Personal information
- Full name: Trésor Gautier Makunda
- Nationality: French
- Born: 15 September 1983 (age 42) Kinshasa, Zaire
- Height: 180 cm (5 ft 11 in)

Sport
- Country: France
- Sport: Athletics
- Disability class: T11
- Club: CA Montreuil
- Coached by: Jean-Baptiste Souche (national) Guy Ontanon (personal)

Medal record
Men's para athletics
Representing France
Paralympic Games
| Silver medal – second place | 2004 Athens | 100 m T11 |
| Bronze medal – third place | 2008 Beijing | 100 m T11 |
| Bronze medal – third place | 2008 Beijing | 100 m relay T11–13 |
| Bronze medal – third place | 2012 London | 400 m T11 |
| Bronze medal – third place | 2020 Tokyo | 400 m T11 |
World Championships
| Gold medal – first place | 2006 Assen | 100 m T11 |
| Silver medal – second place | 2025 New Delhi | 400 m T11 |
| Bronze medal – third place | 2013 Lyon | 100 m relay T11–13 |
European Championships
| Silver medal – second place | 2014 Swansea | 100 m relay T11–13 |

= Gautier Makunda =

French Paralympic athlete

Trésor Gautier Makunda (born 15 September 1983) is a Paralympian athlete from France competing mainly in category T11 sprint events.
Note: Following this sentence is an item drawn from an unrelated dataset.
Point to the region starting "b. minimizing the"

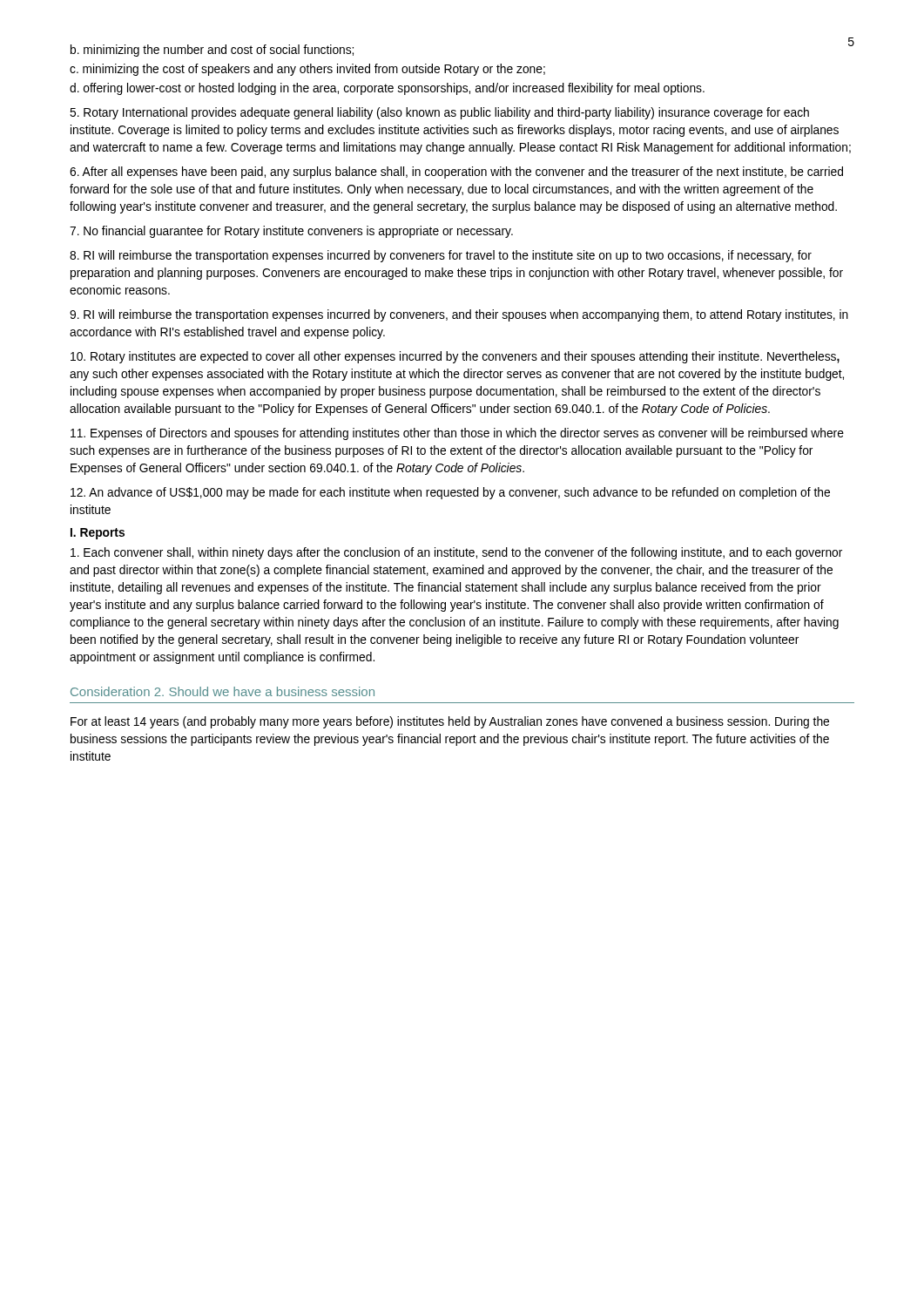(x=212, y=50)
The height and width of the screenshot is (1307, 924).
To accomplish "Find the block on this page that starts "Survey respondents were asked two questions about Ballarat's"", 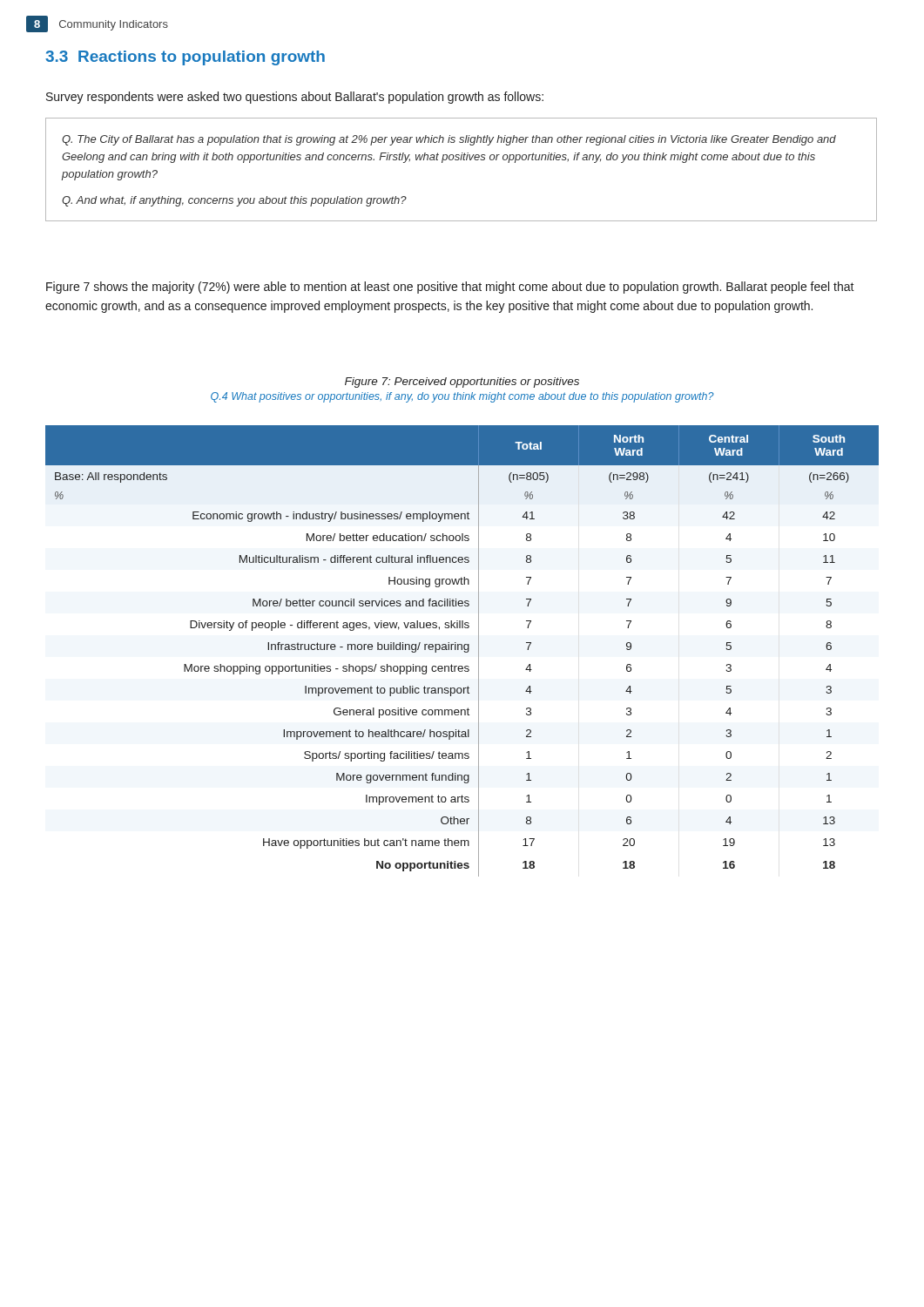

Makunda has won a total of one silver and three bronze medals across three Summer Paralympics, beginning with a second-place finish in the T11 10mm sprint at the 2004 Summer Paralympics in Athens. He is a regular member of the French relay team in the T11–13 4 × 100 m relay.

He appeared in the 2011 Regis Wargnier film La Ligne droite.